REQUIRED ACTION
Examine each line of the listing below. Copy those in which the string "Crash" appears.
──────── INPUT DATA ────────
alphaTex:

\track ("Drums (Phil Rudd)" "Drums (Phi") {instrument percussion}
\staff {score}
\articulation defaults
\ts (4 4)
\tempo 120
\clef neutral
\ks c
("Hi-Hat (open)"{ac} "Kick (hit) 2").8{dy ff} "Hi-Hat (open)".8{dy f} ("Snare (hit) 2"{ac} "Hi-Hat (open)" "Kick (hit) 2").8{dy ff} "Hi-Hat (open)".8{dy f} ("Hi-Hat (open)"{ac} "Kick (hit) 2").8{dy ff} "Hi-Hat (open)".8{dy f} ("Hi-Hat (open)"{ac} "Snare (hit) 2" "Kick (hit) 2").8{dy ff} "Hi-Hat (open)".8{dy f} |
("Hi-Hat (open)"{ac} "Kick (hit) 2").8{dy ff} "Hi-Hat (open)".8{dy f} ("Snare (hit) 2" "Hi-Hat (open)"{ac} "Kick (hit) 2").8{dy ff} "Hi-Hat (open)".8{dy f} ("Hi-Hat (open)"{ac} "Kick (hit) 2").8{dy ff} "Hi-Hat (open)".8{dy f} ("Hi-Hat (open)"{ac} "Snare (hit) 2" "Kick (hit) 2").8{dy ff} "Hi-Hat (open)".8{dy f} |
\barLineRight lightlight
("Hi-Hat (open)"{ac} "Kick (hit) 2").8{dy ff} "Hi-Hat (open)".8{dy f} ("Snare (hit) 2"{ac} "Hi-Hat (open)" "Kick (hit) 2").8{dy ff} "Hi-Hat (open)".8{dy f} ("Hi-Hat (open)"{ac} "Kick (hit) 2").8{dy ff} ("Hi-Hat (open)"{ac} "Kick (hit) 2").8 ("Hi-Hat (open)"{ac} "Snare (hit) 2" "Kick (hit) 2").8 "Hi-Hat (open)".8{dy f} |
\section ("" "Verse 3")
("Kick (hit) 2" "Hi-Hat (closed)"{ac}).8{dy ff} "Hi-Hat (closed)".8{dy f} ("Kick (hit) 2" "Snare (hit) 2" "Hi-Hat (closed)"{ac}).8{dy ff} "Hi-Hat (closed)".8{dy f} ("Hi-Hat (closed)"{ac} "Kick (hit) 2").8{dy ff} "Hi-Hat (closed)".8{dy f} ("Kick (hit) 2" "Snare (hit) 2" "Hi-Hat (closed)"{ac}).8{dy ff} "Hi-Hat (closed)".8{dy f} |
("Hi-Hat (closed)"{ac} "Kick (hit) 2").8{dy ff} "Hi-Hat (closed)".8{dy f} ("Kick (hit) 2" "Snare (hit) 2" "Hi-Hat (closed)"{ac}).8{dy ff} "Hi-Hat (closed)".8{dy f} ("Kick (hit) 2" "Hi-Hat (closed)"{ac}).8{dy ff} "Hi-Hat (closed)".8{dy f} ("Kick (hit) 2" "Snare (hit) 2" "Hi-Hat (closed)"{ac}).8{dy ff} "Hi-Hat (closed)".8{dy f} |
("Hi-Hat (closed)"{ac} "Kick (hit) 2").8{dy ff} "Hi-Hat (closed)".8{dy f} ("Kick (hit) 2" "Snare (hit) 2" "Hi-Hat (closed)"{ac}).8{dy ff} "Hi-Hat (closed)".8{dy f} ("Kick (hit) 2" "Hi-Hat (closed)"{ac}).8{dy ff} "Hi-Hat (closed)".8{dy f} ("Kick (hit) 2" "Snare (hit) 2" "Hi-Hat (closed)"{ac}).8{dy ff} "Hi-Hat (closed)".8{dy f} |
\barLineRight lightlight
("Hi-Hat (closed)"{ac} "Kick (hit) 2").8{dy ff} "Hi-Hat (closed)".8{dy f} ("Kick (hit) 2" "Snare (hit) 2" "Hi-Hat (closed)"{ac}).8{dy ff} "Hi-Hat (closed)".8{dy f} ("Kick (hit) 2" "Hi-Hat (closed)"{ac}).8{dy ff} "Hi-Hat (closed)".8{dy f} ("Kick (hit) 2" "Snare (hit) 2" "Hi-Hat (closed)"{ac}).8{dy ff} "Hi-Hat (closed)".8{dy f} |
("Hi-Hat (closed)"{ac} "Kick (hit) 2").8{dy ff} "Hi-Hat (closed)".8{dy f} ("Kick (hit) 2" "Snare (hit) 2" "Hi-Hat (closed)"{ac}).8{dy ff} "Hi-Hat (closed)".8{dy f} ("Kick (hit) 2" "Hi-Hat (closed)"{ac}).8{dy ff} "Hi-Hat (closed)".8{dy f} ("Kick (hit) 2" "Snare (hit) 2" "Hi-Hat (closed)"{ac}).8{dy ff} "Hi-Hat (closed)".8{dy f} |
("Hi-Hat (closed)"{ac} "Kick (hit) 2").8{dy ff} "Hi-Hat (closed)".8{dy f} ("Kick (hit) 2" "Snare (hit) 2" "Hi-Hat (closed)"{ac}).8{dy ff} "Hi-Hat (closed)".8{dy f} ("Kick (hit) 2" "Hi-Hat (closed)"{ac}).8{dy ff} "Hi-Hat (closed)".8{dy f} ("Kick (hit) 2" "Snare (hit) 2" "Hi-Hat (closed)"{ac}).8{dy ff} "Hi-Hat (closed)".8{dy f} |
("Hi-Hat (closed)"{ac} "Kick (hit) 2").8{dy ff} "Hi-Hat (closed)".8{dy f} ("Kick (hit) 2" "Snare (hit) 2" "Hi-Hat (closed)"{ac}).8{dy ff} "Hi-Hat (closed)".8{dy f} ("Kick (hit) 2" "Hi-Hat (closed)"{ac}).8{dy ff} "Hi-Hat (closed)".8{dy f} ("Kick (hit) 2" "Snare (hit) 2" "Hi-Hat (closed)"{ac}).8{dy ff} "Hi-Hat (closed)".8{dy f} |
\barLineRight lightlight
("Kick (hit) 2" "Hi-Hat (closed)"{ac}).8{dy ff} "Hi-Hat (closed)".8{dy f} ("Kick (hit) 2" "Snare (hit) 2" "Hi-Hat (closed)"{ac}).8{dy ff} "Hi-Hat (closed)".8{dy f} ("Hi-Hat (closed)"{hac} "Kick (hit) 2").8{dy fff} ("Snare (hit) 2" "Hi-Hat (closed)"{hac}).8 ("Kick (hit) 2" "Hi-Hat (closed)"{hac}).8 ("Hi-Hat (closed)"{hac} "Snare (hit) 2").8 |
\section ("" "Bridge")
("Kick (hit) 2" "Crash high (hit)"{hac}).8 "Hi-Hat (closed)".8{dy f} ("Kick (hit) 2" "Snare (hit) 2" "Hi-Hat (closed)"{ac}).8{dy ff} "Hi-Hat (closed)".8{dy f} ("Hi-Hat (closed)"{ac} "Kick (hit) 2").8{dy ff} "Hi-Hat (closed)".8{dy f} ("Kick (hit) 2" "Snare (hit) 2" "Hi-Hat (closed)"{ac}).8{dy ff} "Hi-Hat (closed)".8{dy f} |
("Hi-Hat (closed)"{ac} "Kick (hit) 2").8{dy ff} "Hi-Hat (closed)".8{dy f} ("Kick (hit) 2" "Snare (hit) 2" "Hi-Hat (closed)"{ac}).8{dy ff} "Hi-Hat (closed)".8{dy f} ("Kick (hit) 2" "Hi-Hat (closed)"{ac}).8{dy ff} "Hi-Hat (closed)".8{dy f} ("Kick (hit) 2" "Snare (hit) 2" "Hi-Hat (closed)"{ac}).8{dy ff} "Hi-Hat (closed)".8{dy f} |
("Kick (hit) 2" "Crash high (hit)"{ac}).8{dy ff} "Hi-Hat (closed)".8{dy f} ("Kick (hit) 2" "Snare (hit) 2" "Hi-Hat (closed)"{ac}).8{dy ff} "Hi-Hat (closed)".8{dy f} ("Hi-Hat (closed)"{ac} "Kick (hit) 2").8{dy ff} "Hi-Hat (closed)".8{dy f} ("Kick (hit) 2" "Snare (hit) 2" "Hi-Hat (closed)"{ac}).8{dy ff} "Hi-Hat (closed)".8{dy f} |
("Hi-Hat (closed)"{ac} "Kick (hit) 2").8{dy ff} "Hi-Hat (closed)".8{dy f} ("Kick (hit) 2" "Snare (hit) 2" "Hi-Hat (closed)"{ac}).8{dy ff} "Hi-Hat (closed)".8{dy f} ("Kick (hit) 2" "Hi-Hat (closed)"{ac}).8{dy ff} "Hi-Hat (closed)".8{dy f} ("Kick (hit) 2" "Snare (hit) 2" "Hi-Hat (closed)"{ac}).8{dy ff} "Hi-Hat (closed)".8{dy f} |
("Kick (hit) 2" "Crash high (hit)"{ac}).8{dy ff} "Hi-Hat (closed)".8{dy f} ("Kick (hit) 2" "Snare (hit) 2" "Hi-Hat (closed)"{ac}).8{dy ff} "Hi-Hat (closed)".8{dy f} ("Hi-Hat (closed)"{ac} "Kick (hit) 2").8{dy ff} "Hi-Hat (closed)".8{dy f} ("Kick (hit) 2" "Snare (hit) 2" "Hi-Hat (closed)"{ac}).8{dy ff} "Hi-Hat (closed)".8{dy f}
────────
YOUR SOLUTION
("Kick (hit) 2" "Crash high (hit)"{hac}).8 "Hi-Hat (closed)".8{dy f} ("Kick (hit) 2" "Snare (hit) 2" "Hi-Hat (closed)"{ac}).8{dy ff} "Hi-Hat (closed)".8{dy f} ("Hi-Hat (closed)"{ac} "Kick (hit) 2").8{dy ff} "Hi-Hat (closed)".8{dy f} ("Kick (hit) 2" "Snare (hit) 2" "Hi-Hat (closed)"{ac}).8{dy ff} "Hi-Hat (closed)".8{dy f} |
("Kick (hit) 2" "Crash high (hit)"{ac}).8{dy ff} "Hi-Hat (closed)".8{dy f} ("Kick (hit) 2" "Snare (hit) 2" "Hi-Hat (closed)"{ac}).8{dy ff} "Hi-Hat (closed)".8{dy f} ("Hi-Hat (closed)"{ac} "Kick (hit) 2").8{dy ff} "Hi-Hat (closed)".8{dy f} ("Kick (hit) 2" "Snare (hit) 2" "Hi-Hat (closed)"{ac}).8{dy ff} "Hi-Hat (closed)".8{dy f} |
("Kick (hit) 2" "Crash high (hit)"{ac}).8{dy ff} "Hi-Hat (closed)".8{dy f} ("Kick (hit) 2" "Snare (hit) 2" "Hi-Hat (closed)"{ac}).8{dy ff} "Hi-Hat (closed)".8{dy f} ("Hi-Hat (closed)"{ac} "Kick (hit) 2").8{dy ff} "Hi-Hat (closed)".8{dy f} ("Kick (hit) 2" "Snare (hit) 2" "Hi-Hat (closed)"{ac}).8{dy ff} "Hi-Hat (closed)".8{dy f}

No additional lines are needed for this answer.